Применительно к крестьянскому быту классикой нашего размера остались «Коробейники» (им подражал в поэме «Дуняша» и С. Дрожжин); однако очень важны еще два стихотворения, как бы связывающие новую стадию его бытования с прежней. Во-первых, это «Влас» (1855) – стихотворение с традиционным для нашего размера контрастом прошлого и настоящего, но стихотворение не лирическое, а эпическое, и, в отличие от традиции, рисующее прошлое мрачным, а настоящее – просветленным: от «Брал с родного, брал с убогого, Слыл кащеем-мужиком…» до «Сила вся души великая В дело Божие ушла, Словно сроду жадность дикая Непричастна ей была…» И, во-вторых, это «Песня Еремушке» (1859), где полемика Некрасова с элегической традицией обнажена до предела: первая песня, скорбная и унылая, как бы транспонирует на крестьянскую тематику прежнюю элегическую грусть, вторая – с ее вызывающим оптимизмом – выдвигает новые мотивы, контрастные по идеям и эмоциям: от «Ниже тоненькой былиночки Надо голову клонить, Чтоб на свете сиротиночке Беспечально век прожить…» до «Будешь редкое явление, Чудо родины своей: Не холопское терпение Принесешь ты в жертву ей…». (На том фоне кульминационные строки: «Силу новую Благородных юных дней В форму старую, готовую Необдуманно не лей!» – применительно к старому стихотворному размеру в новой функции приобретают парадоксальную остроту.)

Примечательно, что у продолжателей Некрасова 1870–1880‐х годов (и далее) этот бодрый оптимизм иссякает довольно рано, а скорбь держится прочно – традиция элегического настроения сильна:

Разыграйся, непогодушка, Ветер, жалобно завой, Что пришла ко мне невзгодушка, И поник я головой… (Дрожжин, «Лучинушка»);

Придорожну скатну ягоду Топчут конник, пешеход, – По двадцатой красной осени Парня гонят во поход… (Клюев, «Недозрелую калинушку…»);

И была, мол, смелость бойкая, Да затоптана судьбой; И была, мол, воля стойкая, Да разбита злой нуждой… (Суриков, «Покойник»);

Давят грудь рыданья страстные, Встала дум мятежных рать… Приходи, моя прекрасная, Вместе мыслить и страдать!.. (Якубович, «Тревога»).

Но в целом 4-ст. хорей с рифмовкой ДМДМ не сросся прочно с крестьянской тематикой: здесь он сильно отступает перед 4-ст. хореем со сплошными дактилическими окончаниями ДДДД (с рифмовкой АВАВ, ХАХА, ААВВ; это – не что иное, как тот же размер «Ильи Муромца», разбавленный рифмами), лучшие образцы которого дал тот же Некрасов в «Орине, матери солдатской», «Калистрате», «Думе» («Сторона наша убогая…») и который стал затем самым ходовым размером у Никитина, Сурикова, Дрожжина и прочих поэтов, выработав свою систему метрико-синтаксических штампов, на которой мы здесь останавливаться не можем.

Что касается юмористической поэзии середины XIX века, то здесь один из первых образцов нашего размера тоже дал Некрасов – это «Филантроп» (1853):

Частию по глупой честности, Частию по простоте – Пропадаю в неизвестности, Пресмыкаюсь в нищете!..

Здесь несомненно влияние «водевильного» и «фельетонного» 3-ст. ямба с рифмовкой ДМДМ («Говорун» и т. п.), о котором еще будет у нас речь: семантическая близость 3-ст. ямба и 4-ст. хорея на всем протяжении истории русского стиха (с «анакреонтики» XVIII века) хорошо известна.
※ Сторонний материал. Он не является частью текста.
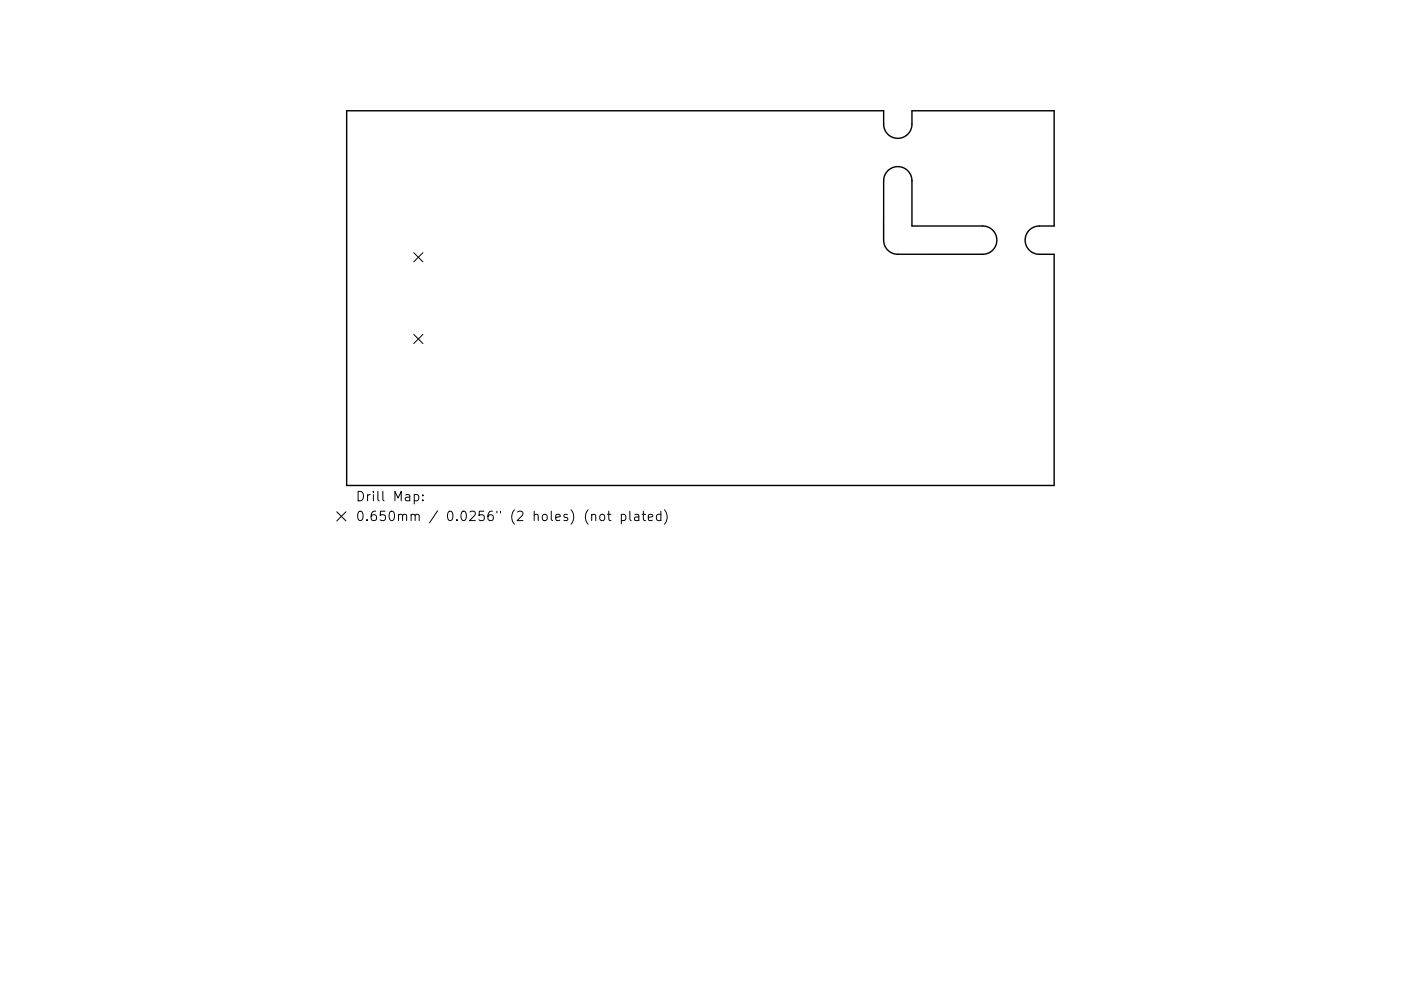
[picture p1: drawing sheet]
<svg xmlns="http://www.w3.org/2000/svg" width="297mm" height="210mm" viewBox="0 0 297 210" stroke-linecap="round" stroke-linejoin="round" font-family="sans-serif">
<defs><g id="words">
<g font-size="2.8">
<text x="75.4" y="106.4">Drill Map:</text>
<text x="75.4" y="110.6">0.650mm / 0.0256&quot; (2 holes) (not plated)</text>
</g>
</g></defs>
<path d="M73.5 23.5h113.9v2.9a3 3 0 0 0 3 3 3 3 0 0 0 3-3v-2.9h30.1v24.5h-3.1a3 3 0 0 0-3 3 3 3 0 0 0 3 3h3.1v49h-150zM188.2 36.2a3 3 0 0 1 3.3-.6 3 3 0 0 1 1.9 2.8v9.6h15a3 3 0 0 1 3 3 3 3 0 0 1-3 3l-18.1-.1a3 3 0 0 1-3-3l.1-12.5a3 3 0 0 1 .8-2.2z" fill="none" stroke="#000" stroke-width=".3"/>
<g fill="none" stroke="#000" stroke-width=".21">
<path d="M87.7 53.6l2 2M89.7 53.6l-2 2M87.7 70.9l2 2M89.7 70.9l-2 2M71.4 108.6l2 1.9M73.4 108.6l-2 1.9M87.8 105l.6-.1 .4 .4v.6l-.2 .3h-.8M89.6 106.1v.2M89.6 105v.2M125.5 109.3a.5 .5 0 0 1 .8 .1v1.1M127.3 109.3a.54 .54 0 0 1 .5-.2 .54 .54 0 0 1 .4 .4v.6a.54 .54 0 0 1-.5 .4 .54 .54 0 0 1-.5-.4zM128.8 109.1h.7"/>
<path d="M129.1 108.5v1.7l.1 .2 .3 .1M131.7 109.2l.6-.1 .4 .4v.6l-.2 .3h-.8M131.7 109.1v2M133.5 108.5v1.7l.3 .3M134.6 109.2h.8l.1 1.3M135.5 109.6l-.7 .1a.39 .39 0 0 0-.3 .4 .39 .39 0 0 0 .3 .4l.7-.1M136.1 109.1h.8M136.4 108.5v1.7l.1 .2 .4 .1M137.5 109.8l.9-.2-.1-.4-.6-.1-.2 .3v1h.8M140.1 109.2l-.6-.1-.3 .4v.6l.2 .3h.7M140.1 108.5v2M140.9 108.2a2.29 2.29 0 0 1 0 3"/>
</g>
<use href="#words"/>
</svg>

Мы находим наш размер у Курочкина («…Ах, зачем же я читал Господина Аскоченского Назидательный журнал!»), у Гольцмиллера («Чем не гражданин?»), у Добролюбова («Средь Акрополя разбитого…» – с ощутимой пародией на элегическую традицию), у А. К. Толстого («Разных лент схватил он радугу…» – с блестящими дактилическими созвучиями). Любопытно, что тот же А. К. Толстой применяет тот же размер и в патетичнейшем месте «Иоанна Дамаскина» («Тот, кто с вечною любовию Воздавал за зло добром…»); очевидно, старая и новая семантические традиции в этом размере существовали для него столь же раздельно, сколь и для Некрасова, автора и «Коробейников», и «Трех элегий».